Researcher | Research Overview
A main focus of the Kalaany lab is to investigate the correlation between systemic metabolism and cancer incidence and progression, with the goal of identifying metabolic dependencies that could be targeted therapeutically in cancer patients.
Altered metabolism is a hallmark of cancer. It is however, not only driven by cell-autonomous genetic alterations in oncogenes and tumor suppressor genes, but also by the surrounding tissue microenvironment, as well as the systemic macroenvironment of the host. Evidence for a robust correlation between systemic metabolism and cancer incidence and progression has been accumulating for over a century. For instance, the anti-tumorigenic effects of dietary restriction have been recognized since the early 1900s. Moreover, recent epidemiological studies demonstrate a linear correlation between obesity, type 2 diabetes and mortality from cancers of a wide variety of tissues. Conversely, cancer-associated cachexia, or the organismal energy-wasting syndrome that degrades muscle and fat, can be detrimental to many cancer patients, negatively impacting their quality of life and shortening survival.
Using different models of lung and pancreatic cancer, the Kalaany lab aims at identifying metabolic dependencies in tumors growing under distinct systemic metabolic states, with the goal of targeting them therapeutically in cancer patients, while minimizing toxicity in normal tissues.

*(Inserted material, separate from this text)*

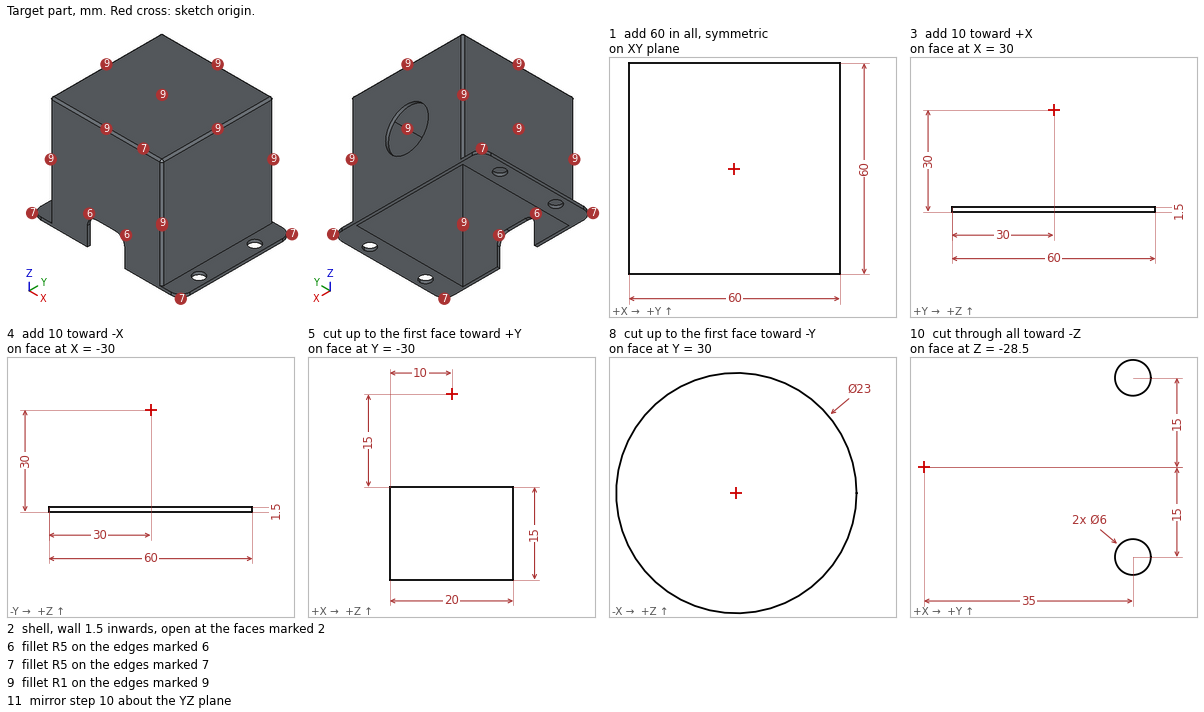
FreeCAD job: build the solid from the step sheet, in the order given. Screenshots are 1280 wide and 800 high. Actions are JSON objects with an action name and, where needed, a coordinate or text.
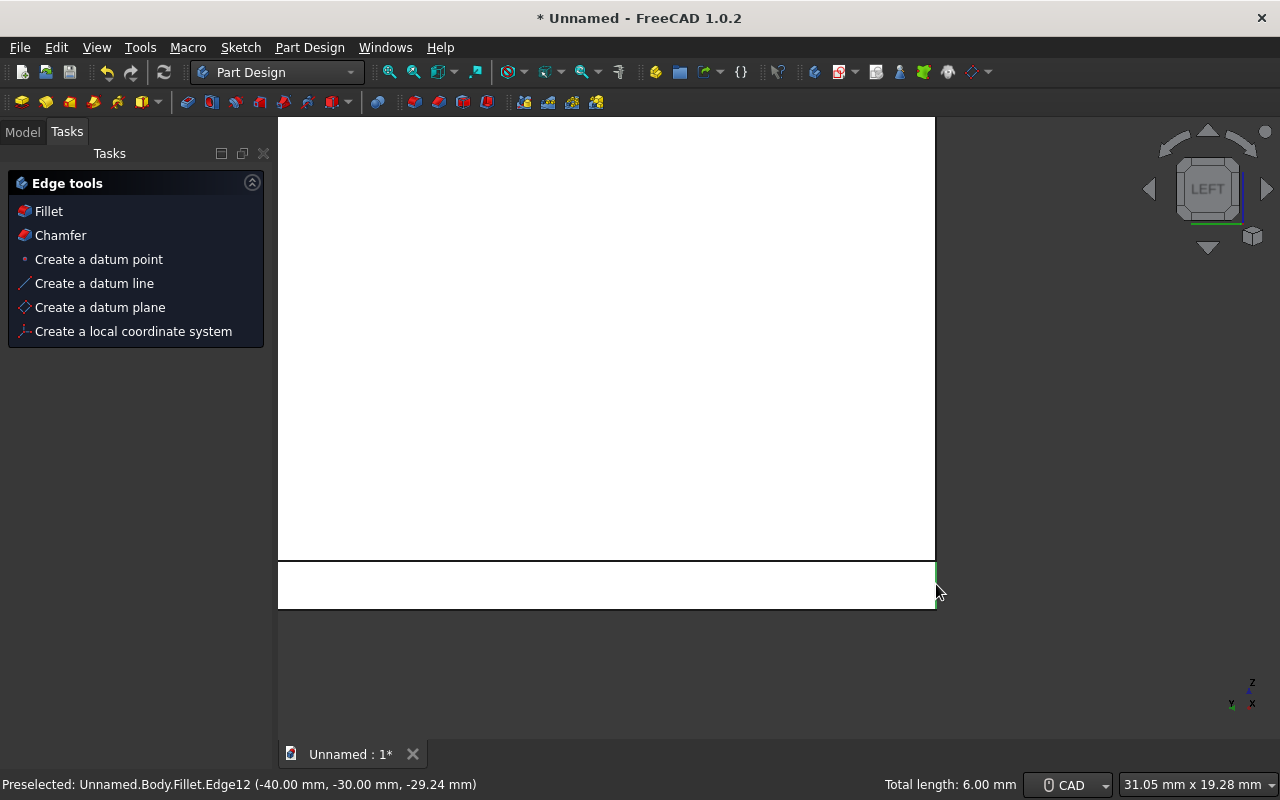
{"action": "left_click", "coordinate": [416, 102]}

In particular, the Kalaany lab aims at understanding:
- How tumors survive and thrive in a nutrient-limiting microenvironment
- How tumor growth and metabolism can be affected by the systemic metabolic state of the host (e.g. dietary restriction, obesity, insulin resistance)
- How the host systemic metabolic state can, itself, get affected by tumor growth and metabolism (e.g. cancer-associated cachexia, or energy-wasting syndrome)
Researcher | Research Background
Nada Kalaany received her PhD from UT Southwestern Medical Center where she studied the role of nuclear hormone receptors in diet-induced obesity. As a postdoctoral fellow, she worked at the Whitehead Institute at MIT where she uncovered a role for oncogenic signaling in modulating the sensitivity of tumors to dietary restriction. She has since joined the faculty of Boston Children's Hospital, Division of Endocrinology. She is also an Associate Member at the Broad Institute of MIT and Harvard, and a member of the Dana-Farber/Harvard Cancer Center.